--- Recorded information ---

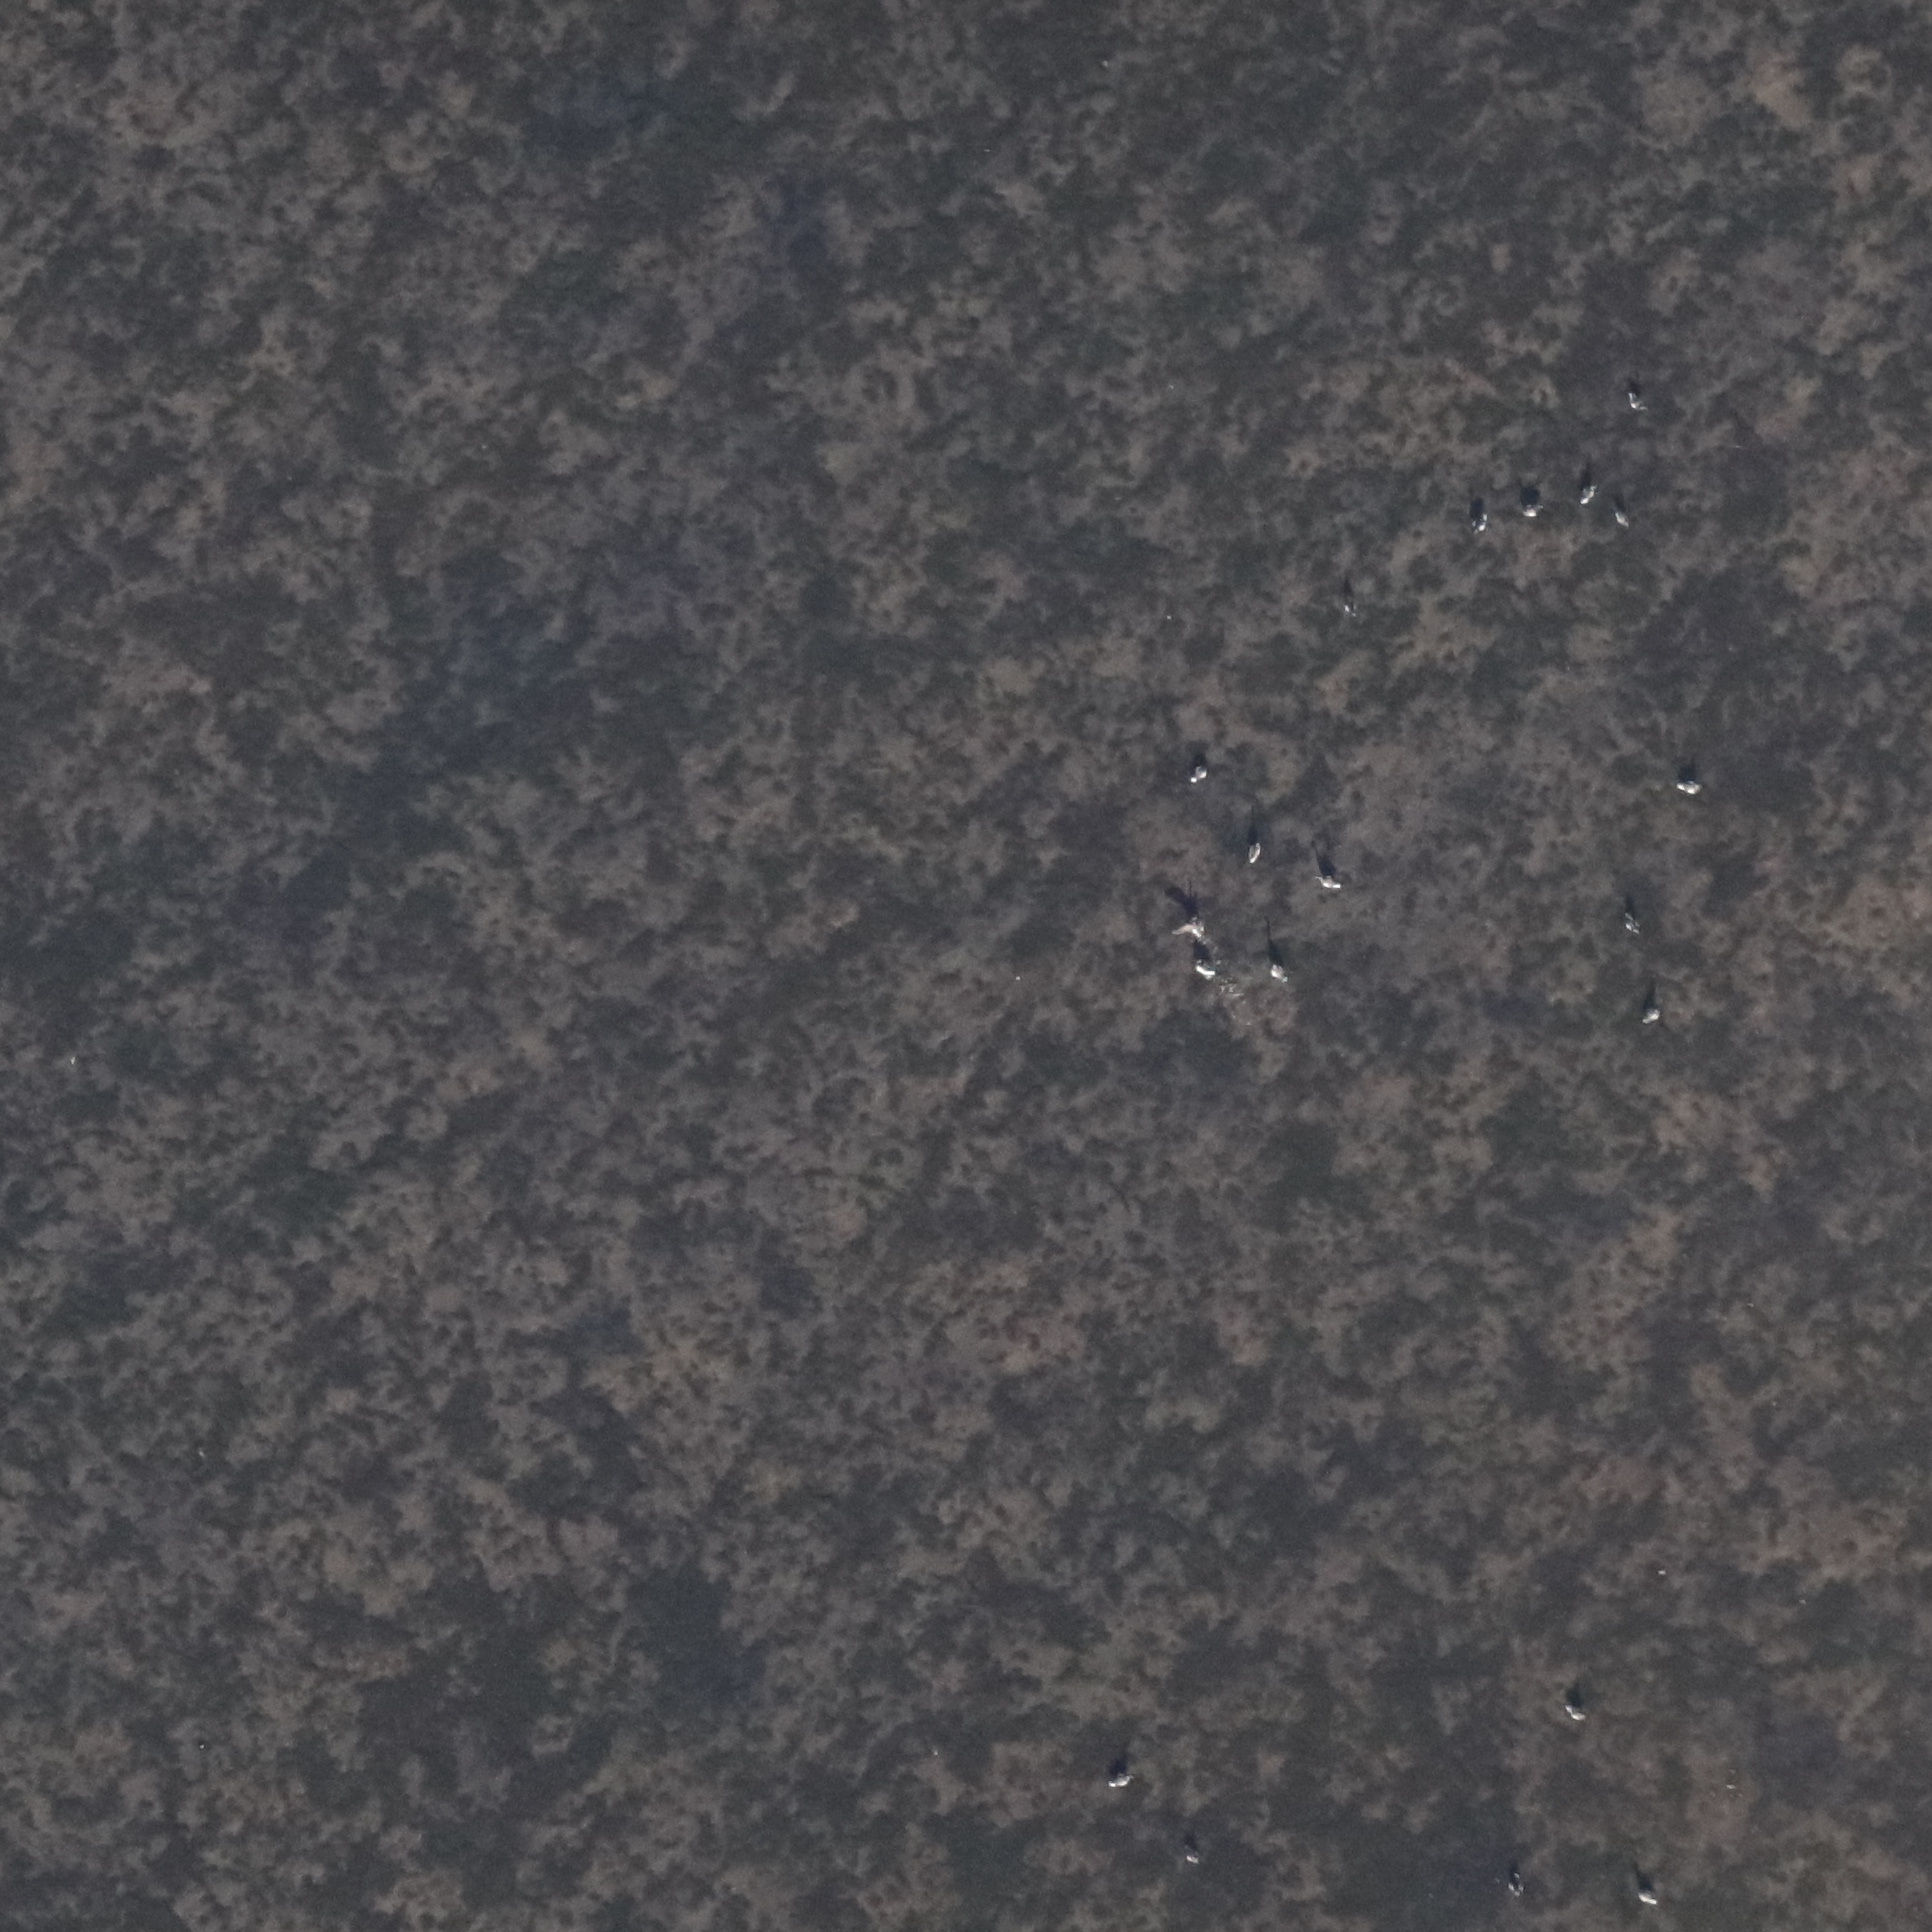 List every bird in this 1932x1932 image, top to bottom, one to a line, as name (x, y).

brant (1635, 401)
brant (1588, 494)
brant (1531, 511)
brant (1620, 516)
brant (1480, 524)
brant (1349, 608)
brant (1198, 774)
brant (1690, 789)
brant (1254, 851)
brant (1329, 882)
brant (1631, 924)
brant (1196, 926)
brant (1205, 965)
brant (1279, 971)
brant (1653, 1013)
brant (1576, 1712)
brant (1121, 1779)
brant (1191, 1855)
brant (1517, 1887)
brant (1648, 1896)

---

> **Required action**
Once the pictures are removed, print all the remaining data exactly as it stands.

> **Solution to the exercise**
 List every bird in this 1932x1932 image, top to bottom, one to a line, as name (x, y).

brant (1635, 401)
brant (1588, 494)
brant (1531, 511)
brant (1620, 516)
brant (1480, 524)
brant (1349, 608)
brant (1198, 774)
brant (1690, 789)
brant (1254, 851)
brant (1329, 882)
brant (1631, 924)
brant (1196, 926)
brant (1205, 965)
brant (1279, 971)
brant (1653, 1013)
brant (1576, 1712)
brant (1121, 1779)
brant (1191, 1855)
brant (1517, 1887)
brant (1648, 1896)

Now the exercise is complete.